BIF10: Branding, Market Awareness Key To Startup Success

Walt Mossberg
Walt Mossberg

Developing a personal brand and not being afraid to borrow others' ideas are the keys to a successful startup, according to Walt Mossberg.

Mossberg discussed his experience launching online technology website Re/code earlier this year during the Business Innovation Factory's BIF10 conference Thursday in Providence, R.I.

First and foremost, Mossberg said deciding what you stand for, promoting it, and delivering on it are integral to attracting users and funding.

For Mossberg, a longtime technology columnist with The Wall Street Journal and co-founder of AllThingsD.com, that means writing for the average consumer of technology rather than tech enthusiasts, hobbyists or geeks.

"You wouldn't be surprised for me to say that the web is full of crap," Mossberg said. "There are a lot of people who should retract a lot of stories."

Mossberg told the audience that social media presence – for better and for worse – will greatly affect your brand.

For more than three decades, Mossberg worked at the Journal as a reporter, editor and columnist.

But when he proposed a personal technology column in 1991, supervisors initially fought his proposal and said they didn't want "voices" in the newspaper even though political and sports columnists were pervasive at papers nationwide.

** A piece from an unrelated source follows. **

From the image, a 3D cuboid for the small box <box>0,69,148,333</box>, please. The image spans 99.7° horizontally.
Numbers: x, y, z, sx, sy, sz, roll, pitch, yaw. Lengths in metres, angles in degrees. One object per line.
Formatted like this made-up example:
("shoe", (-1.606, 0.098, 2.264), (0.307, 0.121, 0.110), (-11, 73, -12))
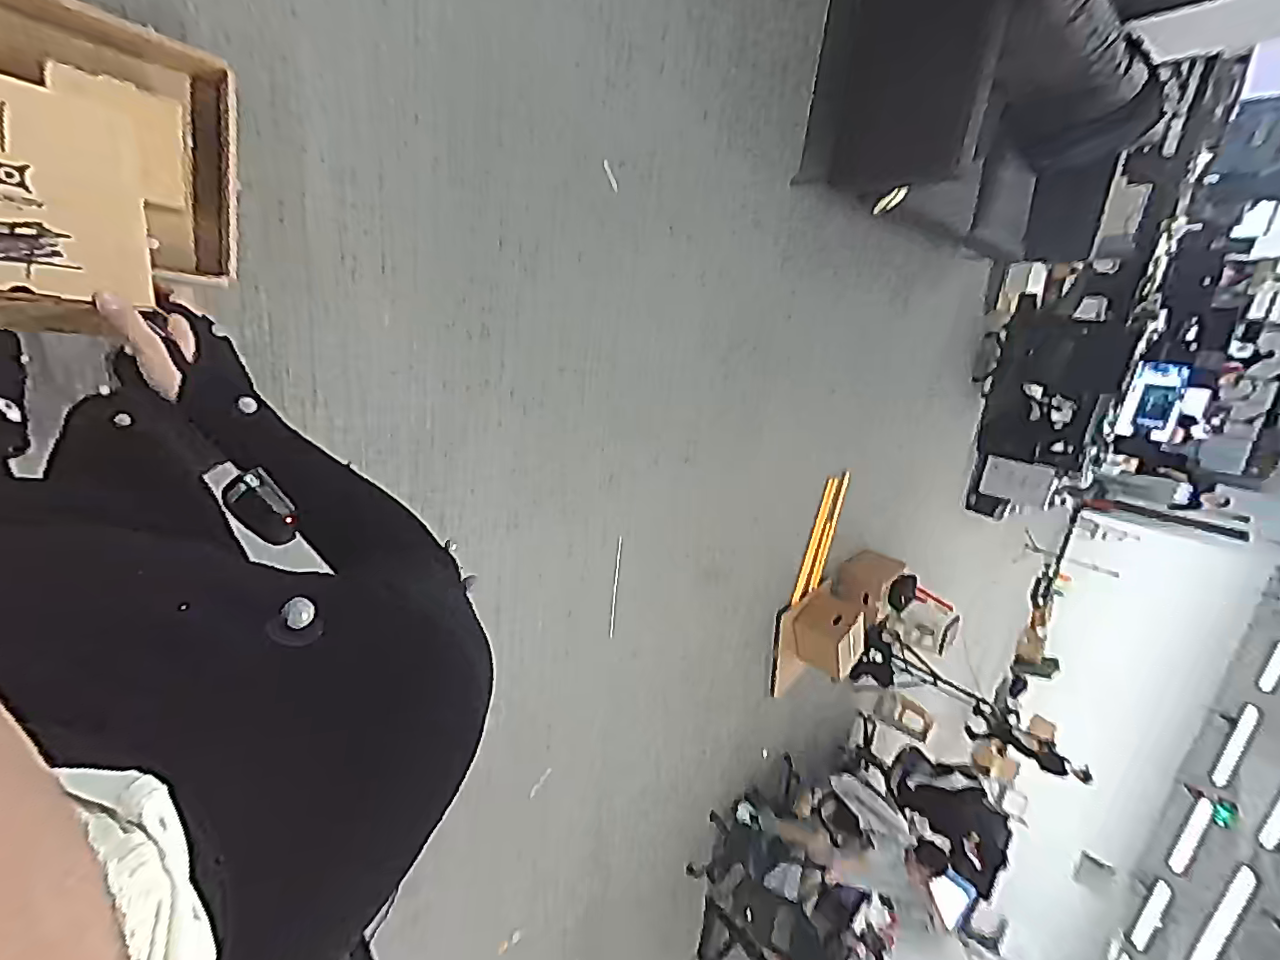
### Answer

Mossberg, though, eventually prevailed, and in 2007, started the All Things Digital conference and online publication with the blessing of his bosses.

At the end of 2013, Mossberg and partner in crime Kara Swisher decided to strike out on their own, aiming to create a publication that fused together the editorial standards of legacy publications with the fast-moving and informal style of web journalism.

"There is a limit to being entrepreneurial inside a big media company," Mossberg said. "It's very hard to be willing to fail."

Given their reputation, Mossberg said he and Swisher attracted unsolicited donations are were able to quickly develop a following for Re/code.

"If you do it right, you can really pull together the business side and content side," Mossberg said.

Finally, Mossberg urged attendees to pay attention to their competitors' ideas since the person or company who invents an idea is often different than the one who popularizes it.

He cited as examples both the automobile – which had been around for years before Henry Ford found a way to mass produce it -- as well as the lightweight laptop – which was likely invented by Sony but taken mainstream by Apple.

"Henry Ford didn't invent the car," Mossberg said. "He just innovated in figuring out a way to get it out to as many people as possible at an affordable price."